## Requirement
In the lines below, the string "keys" may appear; say how many lines hold it and give nothing more.

===== Extracted records

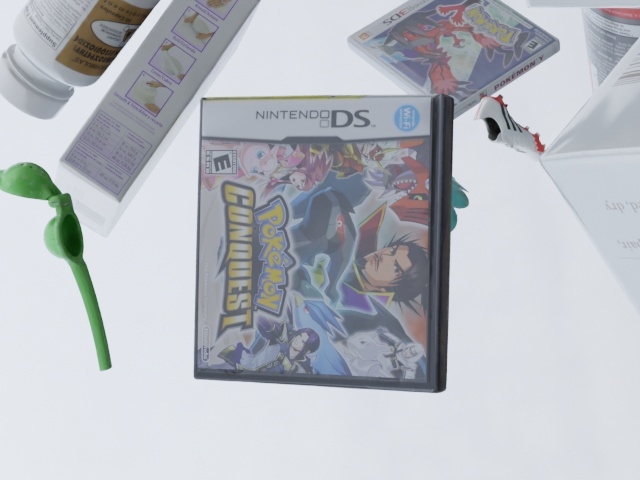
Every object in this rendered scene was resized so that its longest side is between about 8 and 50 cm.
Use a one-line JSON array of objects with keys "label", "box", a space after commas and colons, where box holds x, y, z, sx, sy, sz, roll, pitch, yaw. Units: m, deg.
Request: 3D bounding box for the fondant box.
[{"label": "fondant box", "box": [-0.214, -0.180, 2.041, 0.330, 0.096, 0.238, -58, 4, -15]}]

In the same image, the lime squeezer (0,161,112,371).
[{"label": "lime squeezer", "box": [-0.297, -0.008, 1.632, 0.310, 0.110, 0.059, 45, 180, 2]}]

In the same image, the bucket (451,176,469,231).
[{"label": "bucket", "box": [0.061, -0.042, 2.278, 0.183, 0.281, 0.281, 44, -145, -10]}]

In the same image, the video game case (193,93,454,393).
[{"label": "video game case", "box": [0.000, 0.000, 1.493, 0.035, 0.248, 0.275, 3, -92, -69]}]

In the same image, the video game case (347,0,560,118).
[{"label": "video game case", "box": [0.163, -0.244, 1.965, 0.183, 0.201, 0.023, -33, -40, -18]}]

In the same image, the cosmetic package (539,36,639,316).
[{"label": "cosmetic package", "box": [0.464, -0.032, 1.288, 0.329, 0.327, 0.394, -50, -65, -27]}]

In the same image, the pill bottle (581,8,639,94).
[{"label": "pill bottle", "box": [0.481, -0.271, 2.232, 0.363, 0.210, 0.210, 73, -156, -45]}]

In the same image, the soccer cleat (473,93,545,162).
[{"label": "soccer cleat", "box": [0.169, -0.094, 1.419, 0.083, 0.029, 0.036, 46, -116, -21]}]

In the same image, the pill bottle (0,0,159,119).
[{"label": "pill bottle", "box": [-0.312, -0.268, 1.996, 0.131, 0.229, 0.131, 35, -157, -17]}]

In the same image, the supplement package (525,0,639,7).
[{"label": "supplement package", "box": [0.277, -0.306, 1.222, 0.198, 0.262, 0.199, -29, -71, -20]}]
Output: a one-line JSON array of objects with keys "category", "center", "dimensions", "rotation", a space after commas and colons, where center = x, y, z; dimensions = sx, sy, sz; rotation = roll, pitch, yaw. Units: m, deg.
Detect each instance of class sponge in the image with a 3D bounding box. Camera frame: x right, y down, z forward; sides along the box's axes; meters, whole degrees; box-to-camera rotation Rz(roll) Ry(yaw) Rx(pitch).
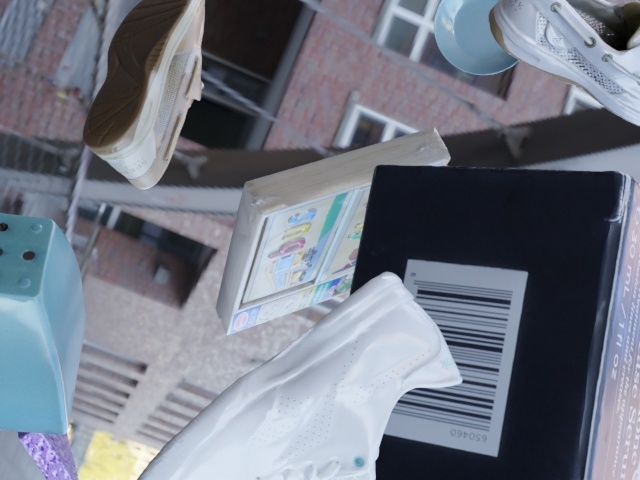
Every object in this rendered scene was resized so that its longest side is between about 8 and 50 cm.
[{"category": "sponge", "center": [-0.364, 0.252, 1.266], "dimensions": [0.031, 0.117, 0.210], "rotation": [-30, -156, -11]}]

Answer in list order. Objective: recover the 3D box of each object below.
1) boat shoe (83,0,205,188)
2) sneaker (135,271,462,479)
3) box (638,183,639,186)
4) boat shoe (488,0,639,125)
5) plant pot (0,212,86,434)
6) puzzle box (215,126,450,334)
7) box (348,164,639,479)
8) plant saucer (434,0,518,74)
[{"category": "boat shoe", "center": [-0.224, -0.224, 1.330], "dimensions": [0.122, 0.110, 0.341], "rotation": [-6, -128, 30]}, {"category": "sneaker", "center": [-0.013, 0.115, 0.554], "dimensions": [0.212, 0.094, 0.080], "rotation": [-38, 172, -5]}, {"category": "box", "center": [0.542, -0.019, 1.670], "dimensions": [0.170, 0.130, 0.091], "rotation": [-12, 150, -45]}, {"category": "boat shoe", "center": [0.310, -0.196, 0.985], "dimensions": [0.096, 0.277, 0.098], "rotation": [-50, -150, 44]}, {"category": "plant pot", "center": [-0.351, 0.082, 1.066], "dimensions": [0.234, 0.166, 0.165], "rotation": [109, -16, -50]}, {"category": "puzzle box", "center": [0.000, 0.000, 1.362], "dimensions": [0.409, 0.272, 0.052], "rotation": [112, -43, -62]}, {"category": "box", "center": [0.194, 0.133, 0.854], "dimensions": [0.395, 0.212, 0.293], "rotation": [28, 71, -57]}, {"category": "plant saucer", "center": [0.318, -0.415, 1.867], "dimensions": [0.037, 0.195, 0.195], "rotation": [-1, 115, -81]}]
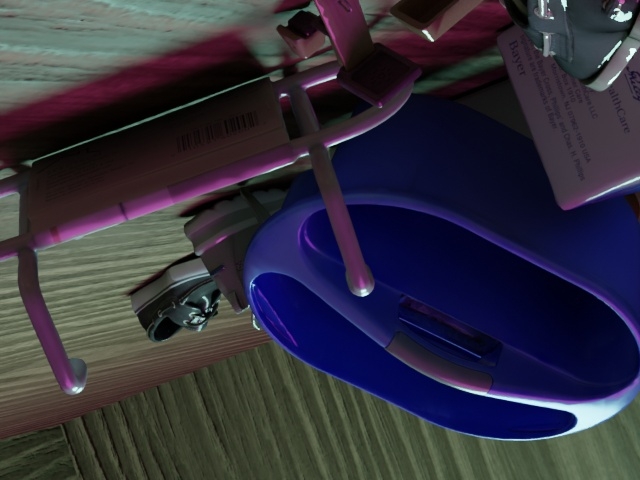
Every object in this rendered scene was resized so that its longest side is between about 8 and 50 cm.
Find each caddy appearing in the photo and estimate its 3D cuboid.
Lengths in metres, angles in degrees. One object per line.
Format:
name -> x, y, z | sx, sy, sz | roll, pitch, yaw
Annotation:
caddy -> 0.105, 0.041, 1.466 | 0.341, 0.179, 0.241 | 26, 137, -14

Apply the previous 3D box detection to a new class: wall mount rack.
wall mount rack -> -0.096, -0.029, 1.256 | 0.350, 0.130, 0.304 | -19, -154, 1

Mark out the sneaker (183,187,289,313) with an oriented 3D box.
sneaker -> 0.000, 0.000, 1.774 | 0.281, 0.115, 0.105 | -16, 173, -31

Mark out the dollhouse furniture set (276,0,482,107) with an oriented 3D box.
dollhouse furniture set -> 0.036, -0.155, 1.051 | 0.114, 0.091, 0.081 | -40, 137, -15

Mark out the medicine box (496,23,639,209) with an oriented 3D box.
medicine box -> 0.333, -0.152, 1.350 | 0.263, 0.149, 0.289 | -14, 172, -44

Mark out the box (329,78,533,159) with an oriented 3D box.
box -> 0.156, -0.078, 1.619 | 0.275, 0.113, 0.094 | -19, 174, 9

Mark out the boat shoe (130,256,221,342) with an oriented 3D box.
boat shoe -> -0.152, 0.070, 2.088 | 0.080, 0.076, 0.228 | -15, 173, -36

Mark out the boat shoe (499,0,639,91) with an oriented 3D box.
boat shoe -> 0.163, -0.166, 1.107 | 0.099, 0.116, 0.319 | 23, -179, 1

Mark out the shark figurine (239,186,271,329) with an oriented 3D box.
shark figurine -> -0.004, 0.049, 1.674 | 0.278, 0.166, 0.116 | 15, 114, -46

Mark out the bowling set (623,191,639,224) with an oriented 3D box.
bowling set -> 0.309, 0.016, 1.595 | 0.200, 0.154, 0.287 | -6, -178, -21
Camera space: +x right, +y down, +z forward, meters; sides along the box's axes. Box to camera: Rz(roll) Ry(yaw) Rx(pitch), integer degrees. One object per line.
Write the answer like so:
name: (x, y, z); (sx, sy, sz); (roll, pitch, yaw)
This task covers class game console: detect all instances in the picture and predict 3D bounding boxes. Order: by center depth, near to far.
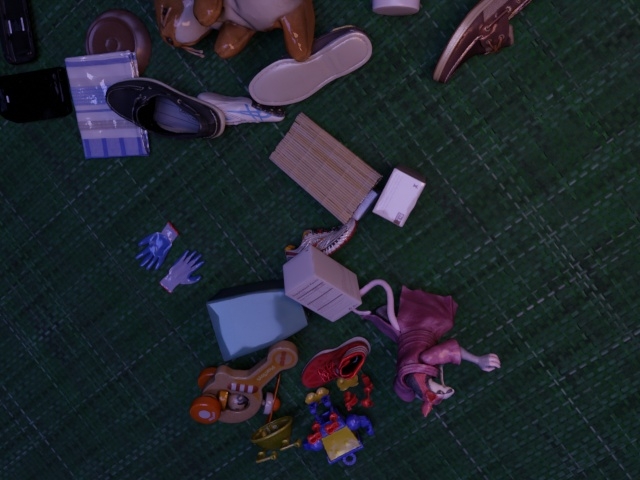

==========

## Response box
2